Heading into 2025, merger-and-acquisition dealcreaters hoped that a more favorable economic environment and reduced regulatory headwinds would generate renewed activity.
Their initial enthusiasm has given way to a more measured approach, as persistent uncertainty continues to slow down decision-creating and suppress deal volume. We have noticed a few things.
Uncertainty is delaying deals. While the top conclude of the market remains active, the broader transactional landscape appears hesitant. Strategic purchaseers often are better equipped to price in emerging risks (such as tariffs) becautilize they are already managing those exposures in their own businesses.
By contrast, private equity purchaseers evaluating new platforms may face a steeper learning curve as they test to price in these unknowns.
Nevertheless, market participants remain cautiously optimistic, anticipating a resurgence in deal volume as new challenges become more familiar and macroeconomic signals stabilize.
Valuation gaps are reshaping the deal process. Less willing to accept seller-provided numbers at face value, purchaseers are scrutinizing quality of earnings and adjusting earnings before interest, taxes, depreciation, and amortization, or EBITDA, calculations, creating longer diligence cycles.

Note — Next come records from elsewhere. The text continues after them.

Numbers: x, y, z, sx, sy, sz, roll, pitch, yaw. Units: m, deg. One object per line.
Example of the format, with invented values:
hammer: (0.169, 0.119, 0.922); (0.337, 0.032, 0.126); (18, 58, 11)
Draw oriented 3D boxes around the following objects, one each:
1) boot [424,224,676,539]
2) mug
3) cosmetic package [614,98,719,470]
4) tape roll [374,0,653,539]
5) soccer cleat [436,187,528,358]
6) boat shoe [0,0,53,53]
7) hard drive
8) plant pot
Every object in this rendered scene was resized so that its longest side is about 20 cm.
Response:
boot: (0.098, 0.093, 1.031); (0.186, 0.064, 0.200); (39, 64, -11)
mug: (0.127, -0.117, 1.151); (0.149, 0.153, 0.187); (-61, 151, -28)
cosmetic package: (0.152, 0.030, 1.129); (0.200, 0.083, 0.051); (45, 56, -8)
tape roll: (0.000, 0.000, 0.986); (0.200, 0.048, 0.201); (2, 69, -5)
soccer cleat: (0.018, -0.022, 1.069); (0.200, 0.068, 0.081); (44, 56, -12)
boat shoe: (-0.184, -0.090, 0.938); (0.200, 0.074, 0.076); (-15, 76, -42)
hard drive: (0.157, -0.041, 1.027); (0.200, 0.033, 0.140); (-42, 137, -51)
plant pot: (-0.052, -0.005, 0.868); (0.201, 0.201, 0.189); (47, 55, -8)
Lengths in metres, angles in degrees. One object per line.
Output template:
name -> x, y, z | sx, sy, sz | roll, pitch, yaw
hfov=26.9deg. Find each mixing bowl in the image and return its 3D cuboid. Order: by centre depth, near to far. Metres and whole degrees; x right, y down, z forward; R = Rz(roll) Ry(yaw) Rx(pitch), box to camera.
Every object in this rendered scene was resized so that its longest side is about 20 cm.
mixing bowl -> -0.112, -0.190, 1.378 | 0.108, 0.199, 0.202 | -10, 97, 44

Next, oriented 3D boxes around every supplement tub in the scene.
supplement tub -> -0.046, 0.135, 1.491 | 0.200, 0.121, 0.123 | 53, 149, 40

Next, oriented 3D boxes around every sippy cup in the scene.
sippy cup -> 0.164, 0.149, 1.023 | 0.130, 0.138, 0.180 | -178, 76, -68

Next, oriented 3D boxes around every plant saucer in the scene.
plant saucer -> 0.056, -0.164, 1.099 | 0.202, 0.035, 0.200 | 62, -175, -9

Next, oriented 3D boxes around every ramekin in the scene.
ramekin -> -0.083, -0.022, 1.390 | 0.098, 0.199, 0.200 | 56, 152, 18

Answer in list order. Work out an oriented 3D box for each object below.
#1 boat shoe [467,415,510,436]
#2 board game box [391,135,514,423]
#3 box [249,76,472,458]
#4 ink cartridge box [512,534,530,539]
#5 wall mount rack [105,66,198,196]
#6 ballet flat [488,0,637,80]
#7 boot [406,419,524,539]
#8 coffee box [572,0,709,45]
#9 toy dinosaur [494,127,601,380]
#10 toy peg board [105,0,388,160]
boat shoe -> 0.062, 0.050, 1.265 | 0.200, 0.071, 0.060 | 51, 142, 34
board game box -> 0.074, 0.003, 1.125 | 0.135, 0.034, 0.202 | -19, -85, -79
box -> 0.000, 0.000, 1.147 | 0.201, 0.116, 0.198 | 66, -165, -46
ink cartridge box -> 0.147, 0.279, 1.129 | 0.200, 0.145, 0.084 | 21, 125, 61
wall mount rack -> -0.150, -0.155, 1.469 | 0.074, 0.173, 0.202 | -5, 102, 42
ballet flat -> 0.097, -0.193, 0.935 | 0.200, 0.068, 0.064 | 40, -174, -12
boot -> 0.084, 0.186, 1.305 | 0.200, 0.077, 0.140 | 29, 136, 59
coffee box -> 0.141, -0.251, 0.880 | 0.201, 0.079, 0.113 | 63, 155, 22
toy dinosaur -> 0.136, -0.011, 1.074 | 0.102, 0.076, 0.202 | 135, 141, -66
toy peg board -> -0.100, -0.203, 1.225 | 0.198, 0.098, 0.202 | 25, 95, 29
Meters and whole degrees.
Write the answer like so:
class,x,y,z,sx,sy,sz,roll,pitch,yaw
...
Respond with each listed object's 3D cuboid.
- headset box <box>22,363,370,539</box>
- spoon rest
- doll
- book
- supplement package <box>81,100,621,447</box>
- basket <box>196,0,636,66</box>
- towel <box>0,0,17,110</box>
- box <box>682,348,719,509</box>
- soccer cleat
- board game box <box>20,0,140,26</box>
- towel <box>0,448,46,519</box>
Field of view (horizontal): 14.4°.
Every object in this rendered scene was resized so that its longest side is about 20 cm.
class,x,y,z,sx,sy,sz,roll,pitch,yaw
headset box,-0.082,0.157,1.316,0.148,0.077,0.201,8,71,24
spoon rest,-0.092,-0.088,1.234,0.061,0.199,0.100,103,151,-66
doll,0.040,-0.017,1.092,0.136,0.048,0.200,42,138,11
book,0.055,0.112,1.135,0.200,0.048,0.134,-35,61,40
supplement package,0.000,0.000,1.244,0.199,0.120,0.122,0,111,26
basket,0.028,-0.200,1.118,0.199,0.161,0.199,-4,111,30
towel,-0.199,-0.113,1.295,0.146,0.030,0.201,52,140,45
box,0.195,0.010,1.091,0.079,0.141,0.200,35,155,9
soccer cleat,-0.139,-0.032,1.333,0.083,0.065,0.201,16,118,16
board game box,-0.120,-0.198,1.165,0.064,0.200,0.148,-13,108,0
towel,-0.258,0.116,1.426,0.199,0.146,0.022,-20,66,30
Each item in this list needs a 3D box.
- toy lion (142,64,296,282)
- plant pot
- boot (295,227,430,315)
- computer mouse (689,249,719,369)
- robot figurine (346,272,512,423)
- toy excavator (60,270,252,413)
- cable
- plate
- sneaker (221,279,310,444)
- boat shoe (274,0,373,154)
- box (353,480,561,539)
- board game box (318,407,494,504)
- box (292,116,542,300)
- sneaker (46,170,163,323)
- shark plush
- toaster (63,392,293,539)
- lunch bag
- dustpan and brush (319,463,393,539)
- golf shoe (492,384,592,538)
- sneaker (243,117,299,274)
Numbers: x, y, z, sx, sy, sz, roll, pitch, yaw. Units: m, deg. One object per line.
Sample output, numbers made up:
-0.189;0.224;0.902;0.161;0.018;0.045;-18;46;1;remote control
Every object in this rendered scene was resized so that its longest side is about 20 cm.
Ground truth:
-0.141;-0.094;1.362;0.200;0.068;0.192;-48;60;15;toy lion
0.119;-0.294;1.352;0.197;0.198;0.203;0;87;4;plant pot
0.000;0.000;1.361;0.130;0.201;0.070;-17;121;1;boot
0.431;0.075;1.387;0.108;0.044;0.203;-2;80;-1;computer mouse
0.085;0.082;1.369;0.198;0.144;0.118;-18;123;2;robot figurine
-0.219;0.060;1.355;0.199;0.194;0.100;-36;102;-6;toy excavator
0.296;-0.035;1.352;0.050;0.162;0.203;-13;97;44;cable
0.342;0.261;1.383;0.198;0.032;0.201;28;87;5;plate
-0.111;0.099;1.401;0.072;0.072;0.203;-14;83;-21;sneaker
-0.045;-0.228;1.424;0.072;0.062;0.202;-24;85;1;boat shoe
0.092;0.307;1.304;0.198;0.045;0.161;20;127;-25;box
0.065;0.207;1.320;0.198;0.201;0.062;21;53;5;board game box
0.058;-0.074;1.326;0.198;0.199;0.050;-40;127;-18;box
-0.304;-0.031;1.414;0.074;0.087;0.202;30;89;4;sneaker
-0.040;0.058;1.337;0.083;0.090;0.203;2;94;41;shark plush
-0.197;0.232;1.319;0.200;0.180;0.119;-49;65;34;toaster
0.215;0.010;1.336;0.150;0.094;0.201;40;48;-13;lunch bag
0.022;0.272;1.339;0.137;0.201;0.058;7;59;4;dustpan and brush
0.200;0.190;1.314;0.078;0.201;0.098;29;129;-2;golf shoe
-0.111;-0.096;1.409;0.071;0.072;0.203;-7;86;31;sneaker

In response, sellers—particularly founder-owned businesses—are seeking to frontload key economic and legal terms earlier in the process to avoid surprises that could derail the deal later. Letters of intent, which once contained few transactional particulars beyond the headline price, have become much more detailed as a result.
Parties increasingly are applying the letter of intent itself to memorialize valuation drivers such as EBITDA and working capital assumptions, debt-like items, employment and retention terms, non-compete language, and earnout metrics.
Matters that were once “to be mutually agreed” are giving way to definitive, upfront commitments. The growing risk of letters-of-intent breakage, which is reported to have increased since April, should accelerate this trconclude toward ironing out major deal points before exclusivity is granted.
Deal structures are evolving to mitigate uncertainty. Earnouts and deferred payments—already a mainstay of the M&A market in deals involving emerging technologies—are becoming even more prevalent across all industries and transaction sizes.
Buyers are modeling downside scenarios, including supply chain disruptions—which have been a major concern since the pandemic—and businesses are implementing near-shoring and other mitigation strategies.
Private equity is adapting with creative structures. PE sponsors are employing continuation vehicles and similar transactions to hold onto strong, undervalued assets. In some cases, preferred equity structures are being utilized mid-life cycle to inject fresh capital and manage downside risk.
These structured capital solutions, such as convertible instruments and complex preferred waterfalls, have become more common as firms seek creative ways to obtain deals done without compromising long-term viability. But even the most innovative structures must not distract from core business fundamentals.
Deal backlog is building as limited partner pressure mounts. Many PE firms are under pressure from limited partners to generate liquidity before raising new funds. As a result, there is a significant pipeline of companies waiting to be brought to market.
This backlog, combined with historically high levels of dry powder, suggests that conditions are forming for a robust wave of deal activity once the dam breaks.
Artificial ininformigence has an emerging role in deal execution. AI is being incorporated across the M&A process—from deal sourcing to due diligence and data summarization. However, as today’s tools are still prone to errors and omissions, human oversight remains critical.
Looking forward, AI’s most promising applications involve collecting diverse, unstructured data from reliable sources and synthesizing these data to support objective and predictive analyses.
Representations and warranties insurance claims are growing. Brokers and underwriters report that the severity of R&W claims, which are created in approximately one in every five insurance policies, has been increasing.
As purchaseers weigh their carrier options before obtaining a policy, historical claims handling should be an important consideration. We have found that some purchaseers are willing to pay higher premiums for a smooth underwriting process and a carrier that is known to pay out claims.
Notably, R&W insurance is also gaining traction in take-private transactions, reflecting purchaseers’ committed efforts to protect their financial models in an uncertain environment—even when the transactions involve public, audited companies.
Looking Ahead
While uncertainty continues to weigh on the pace of M&A activity, the underlying ingredients for a strong market are taking shape. A growing backlog of high-quality assets, ample dry powder, and evolving deal structures that balance risk and reward all point toward renewed momentum.
The timing is unclear, but when macroeconomic clarity emerges, dealcreaters may find themselves in a highly competitive and active environment once again.
This article does not necessarily reflect the opinion of Bloomberg Industest Group, Inc., the publisher of Bloomberg Law, Bloomberg Tax, and Bloomberg Government, or its owners.
Author Information
Zachary Jacobs is a partner in the corporate practice group at Haynes Boone, focapplying on mergers and acquisitions and private equity.